Once U.G. went to Bali, accompanied by Valentine and Parveen Babi, the Indian film star. Parveen needed a change of weather for health reasons. Everyone knew how even a responsible magazine like India Today reported in big captions that U.G. had been married to Parveen, and that they both had gone to Bali for their honeymoon. When he returned to India from Indonesia, press reporters surrounded U.G. and asked him how true those reports were.

Then U.G. replied, "I wish that news were true. What more could an aged person like myself want? What more could I want than a beautiful and famous movie star like Parveen Babi landing in my lap with a lot of money!" The reporters were disappointed at U.G.'s answer. When some of his friends suggested to U.G. that he should sue the India Today magazine, U.G. smiled and brushed the idea aside by saying, "If what they wrote was false, it doesn't bother me. And if it were true, I still am not bothered."

Valentine was never concerned about the rumors that speculated of a relationship between U.G. and herself who was already sixty to seventy years old, nor was she annoyed by people's curiosity about the nature of her relationship with U.G. When asked at different times about why was it that, on the very first day of meeting U.G. she was so mesmerized by her attraction to U.G. that she deposited twenty thousand dollars in a bank in his name, Valentine would answer with silence. How can a mind, which insists on believing blindly that for every action of ours there must be a motive, accept the idea that there can be actions which have no causes?

U.G. has said that there can be true relationship between men and women only when there is no sexual involvement. In our experience it seems only the relationship between a mother and her children is such a pure relationship. Many believe that the relationship between Valentine and U.G. was such.

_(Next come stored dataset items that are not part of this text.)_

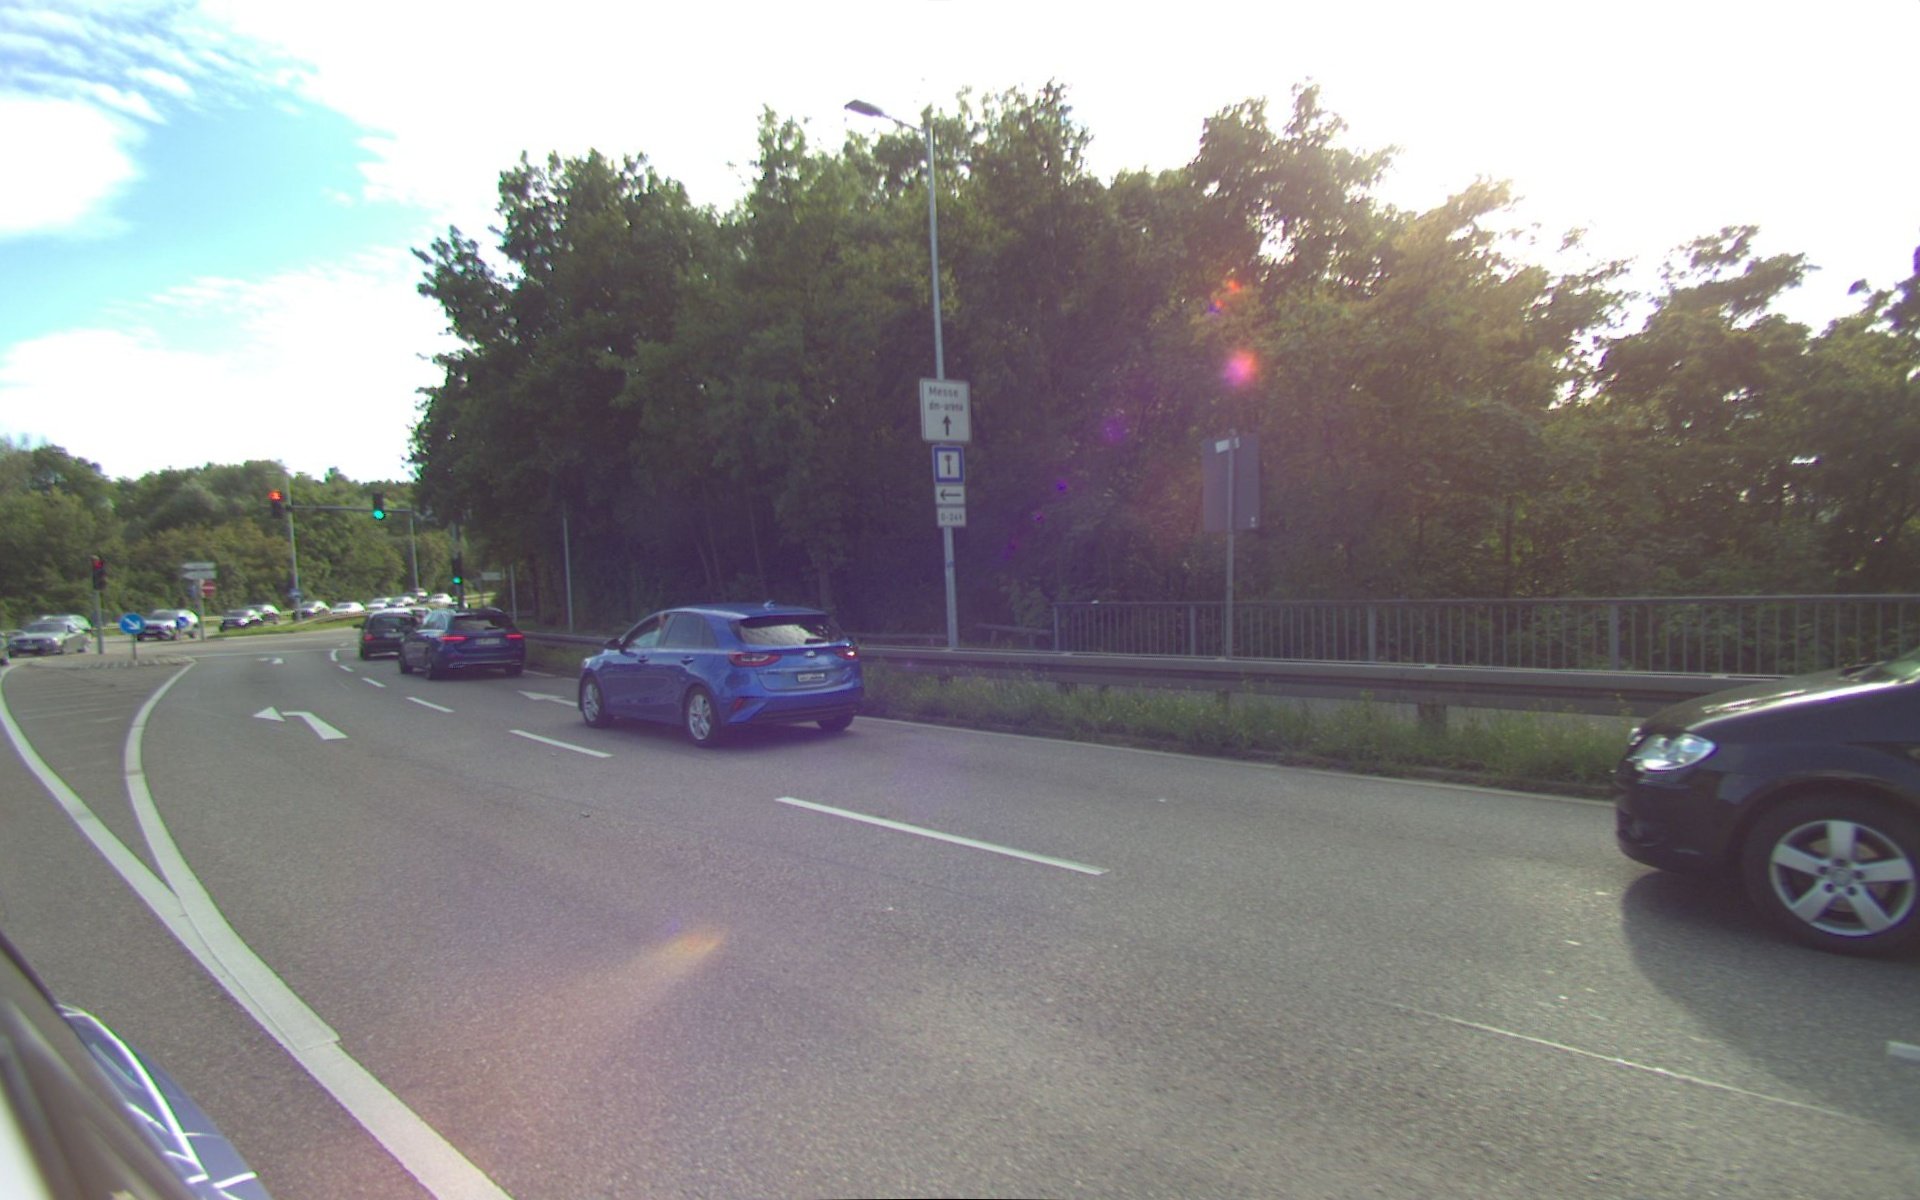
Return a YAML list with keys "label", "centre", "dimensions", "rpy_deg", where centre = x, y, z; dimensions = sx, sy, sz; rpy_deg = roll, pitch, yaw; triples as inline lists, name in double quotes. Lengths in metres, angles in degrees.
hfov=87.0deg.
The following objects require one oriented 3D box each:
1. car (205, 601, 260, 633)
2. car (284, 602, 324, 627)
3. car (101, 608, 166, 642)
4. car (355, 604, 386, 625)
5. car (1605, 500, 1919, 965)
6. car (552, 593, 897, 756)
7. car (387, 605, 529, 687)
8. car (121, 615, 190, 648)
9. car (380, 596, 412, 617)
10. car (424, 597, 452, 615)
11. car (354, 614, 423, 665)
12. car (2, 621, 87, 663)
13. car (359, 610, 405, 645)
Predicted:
- label: "car"
  centre: [-48.812, 1.125, 67.982]
  dimensions: [1.965, 2.029, 4.287]
  rpy_deg: [-2, 1, -22]
- label: "car"
  centre: [-57.426, 1.226, 88.628]
  dimensions: [1.966, 2.029, 4.013]
  rpy_deg: [-2, 1, -19]
- label: "car"
  centre: [-52.659, 1.572, 64.567]
  dimensions: [1.965, 2.029, 4.013]
  rpy_deg: [-2, 1, -20]
- label: "car"
  centre: [-60.150, 1.440, 103.348]
  dimensions: [1.966, 2.029, 4.013]
  rpy_deg: [-2, 1, -19]
- label: "car"
  centre: [4.955, 0.431, 3.403]
  dimensions: [4.452, 1.667, 1.727]
  rpy_deg: [-2, 0, 43]
- label: "car"
  centre: [-2.842, 0.719, 11.499]
  dimensions: [1.870, 1.458, 4.365]
  rpy_deg: [-2, 0, -43]
- label: "car"
  centre: [-10.989, 0.924, 21.967]
  dimensions: [1.791, 1.531, 4.774]
  rpy_deg: [-2, 0, -38]
- label: "car"
  centre: [-44.699, 1.719, 56.345]
  dimensions: [1.965, 1.612, 4.295]
  rpy_deg: [-2, 1, -24]
- label: "car"
  centre: [-55.550, 0.633, 99.688]
  dimensions: [1.966, 2.029, 4.012]
  rpy_deg: [-2, 1, -18]
- label: "car"
  centre: [-62.594, 0.714, 121.368]
  dimensions: [1.967, 2.029, 4.010]
  rpy_deg: [-2, 1, -13]
- label: "car"
  centre: [-17.122, 1.141, 30.238]
  dimensions: [1.602, 1.375, 3.784]
  rpy_deg: [-2, 0, -32]
- label: "car"
  centre: [-37.709, 1.693, 41.783]
  dimensions: [1.613, 1.564, 3.753]
  rpy_deg: [-2, 0, -27]
- label: "car"
  centre: [-27.568, 1.287, 48.396]
  dimensions: [1.789, 1.531, 4.842]
  rpy_deg: [-2, 0, -29]

When U.G.'s life was taking a crucial turn, Valentine entered the scene and stood as his support. However, she always knew clearly that U.G. had no need of her, and she knew that at any moment he was capable of dropping her and her money and going his own way. She led her life with U.G. in a precarious fashion, a life that could be described in India as: "Within every day lurks a danger, but you live till you're a hundred anyway," or living as if "wrestling standing on the edge of a knife."

As soon as U.G. took her financial affairs into his own hands, she found no need to continue working at the Indian Consulate. U.G. directed her to sell all the gold she had in her possession, the antique art pieces she had inherited from her father, as well as other valuables, so as to convert these items into cash. He then arranged, on the basis of that cash, a fixed monthly income sufficient for Valentine's needs. In addition, she also received additional money in the form of a pension from her erstwhile job. With that limited income Valentine and U.G. financed their living in the Saanen area of the Alps mountains.

U.G., when talking about the intermingling of their lives, has said: "Ever since she met me, Valentine has had no life of her own as such. She has pretty much led my life."